_RECORDS SHOWN:_
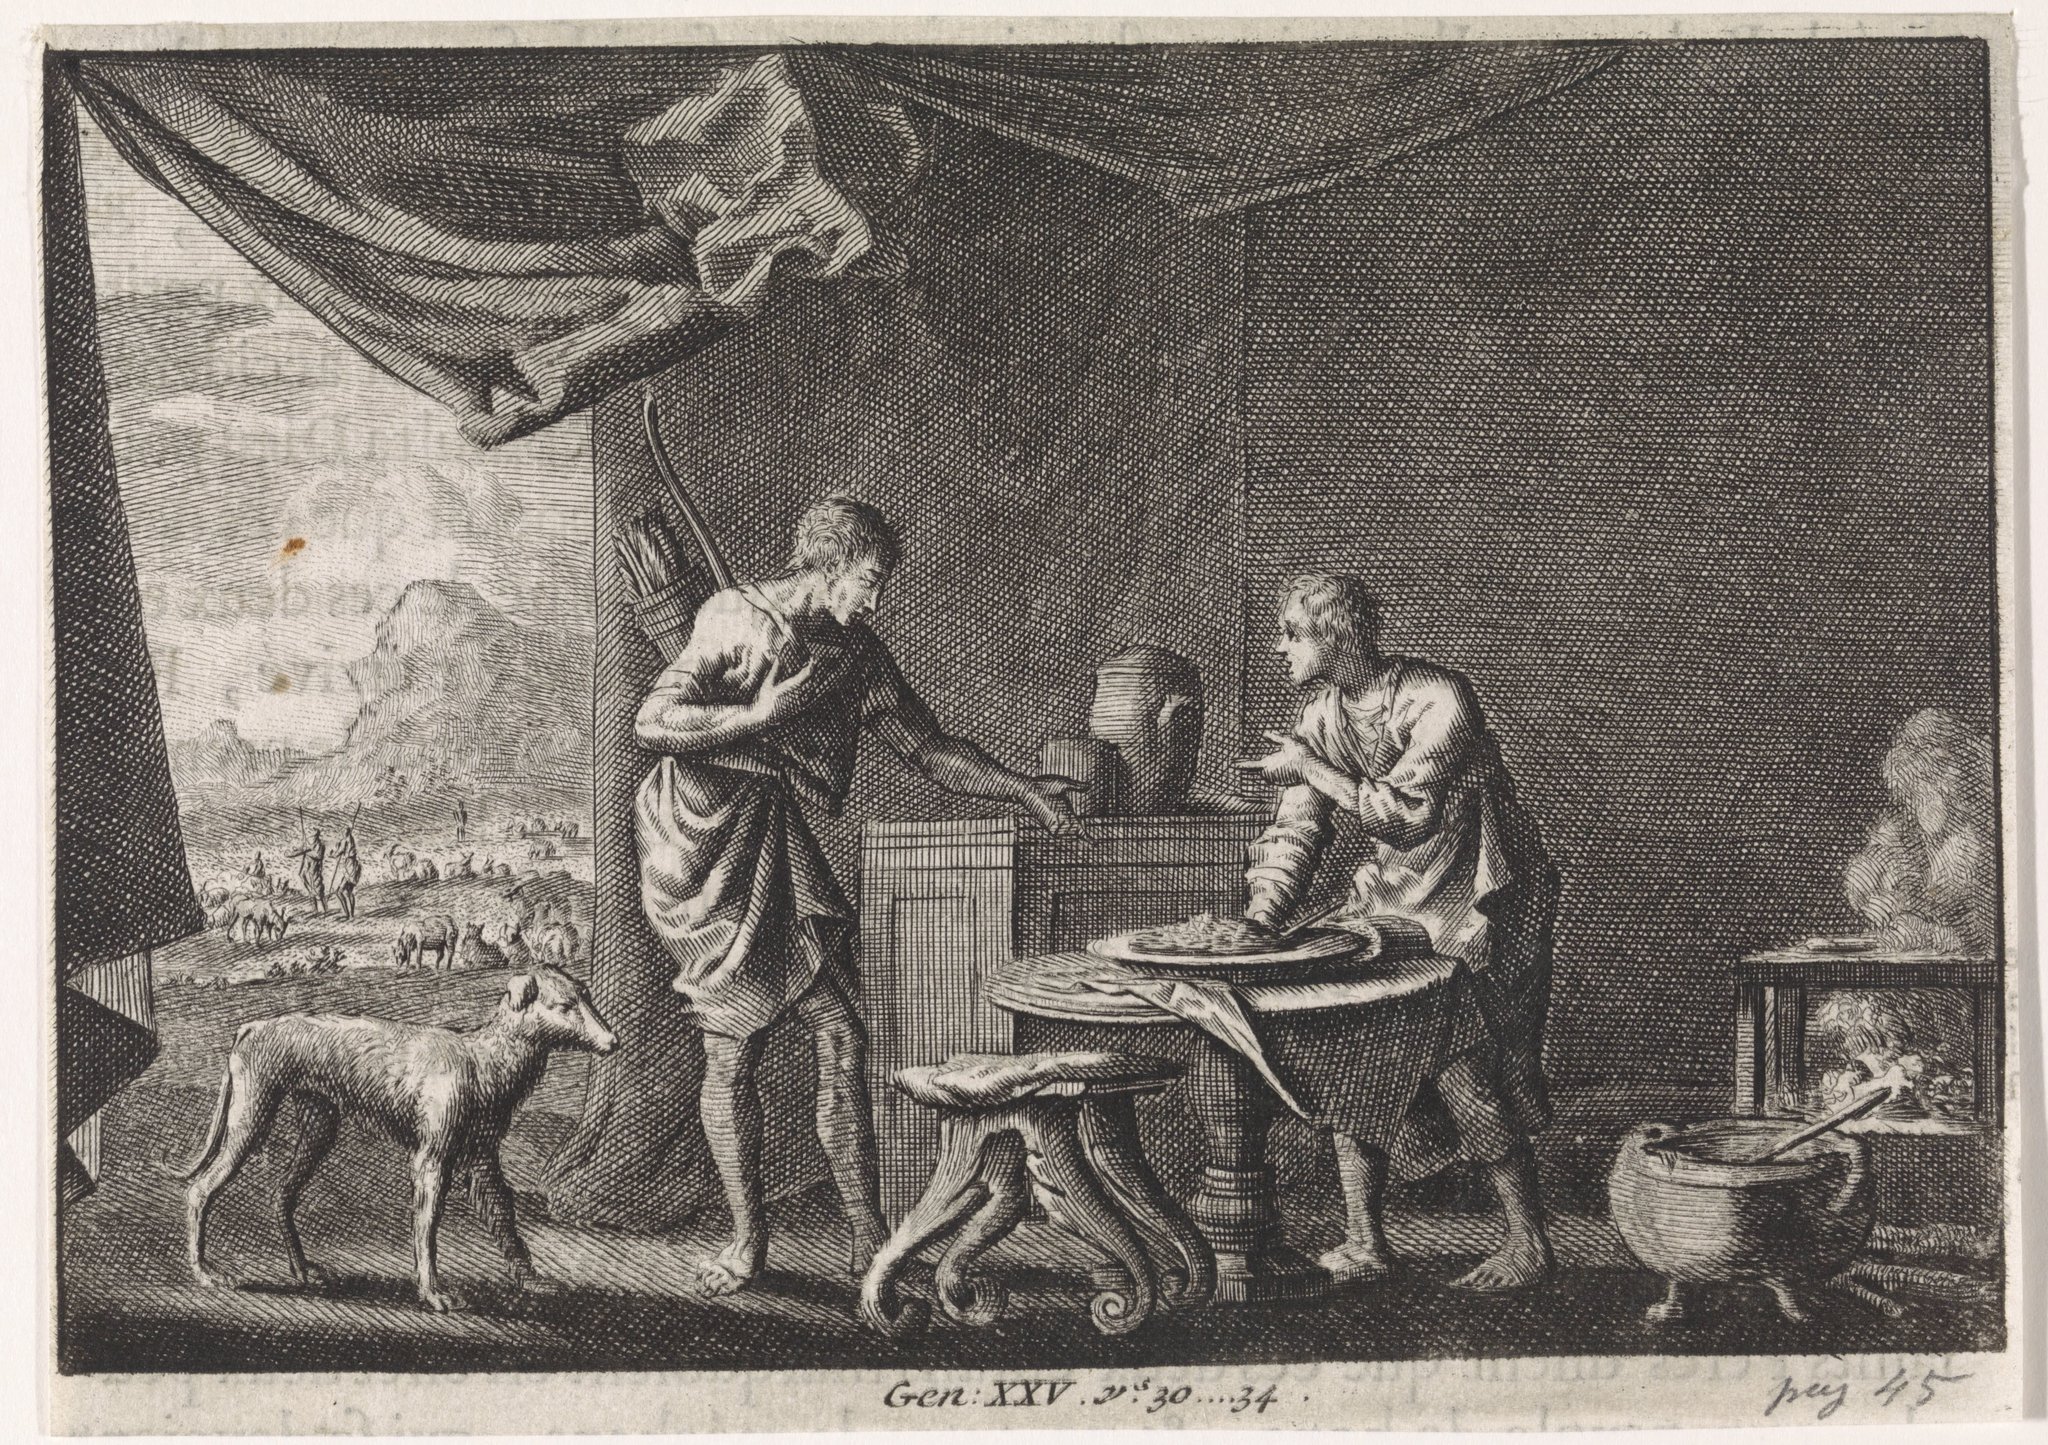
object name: book illustration
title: Esau verkoopt zijn eerstgeboorterecht aan Jakob
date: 1703-1762
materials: paper
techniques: etching, letterpress printing
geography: haarlem
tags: esau, returning hungry from the hunt, sells his first birthright to jacob for a pottage of lentils
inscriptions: collector's mark: Lugt 2228
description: De prent komt een eerste keer voor als boekillustratie voor David Martin. Historie des Ouden en Nieuwen Testaments. Amsterdam, Pieter Mortier, 1703. Deel I. De boekillustraties voor de Mortierbijbel hebben verschillende staten en kopieën, waarbij de chronologische volgorde moeilijk te achterhalen valt. Als boekillustraties werden ze bovendien herhaaldelijk opnieuw gebruikt voor andere boekwerken.

_DIRECTIONS:_ Start at the line containing "techniques: etching, letterpress printing" and print each line exactly until the listing ends, keeping the final line too.

_EXERCISE SOLUTION:_
techniques: etching, letterpress printing
geography: haarlem
tags: esau, returning hungry from the hunt, sells his first birthright to jacob for a pottage of lentils
inscriptions: collector's mark: Lugt 2228
description: De prent komt een eerste keer voor als boekillustratie voor David Martin. Historie des Ouden en Nieuwen Testaments. Amsterdam, Pieter Mortier, 1703. Deel I. De boekillustraties voor de Mortierbijbel hebben verschillende staten en kopieën, waarbij de chronologische volgorde moeilijk te achterhalen valt. Als boekillustraties werden ze bovendien herhaaldelijk opnieuw gebruikt voor andere boekwerken.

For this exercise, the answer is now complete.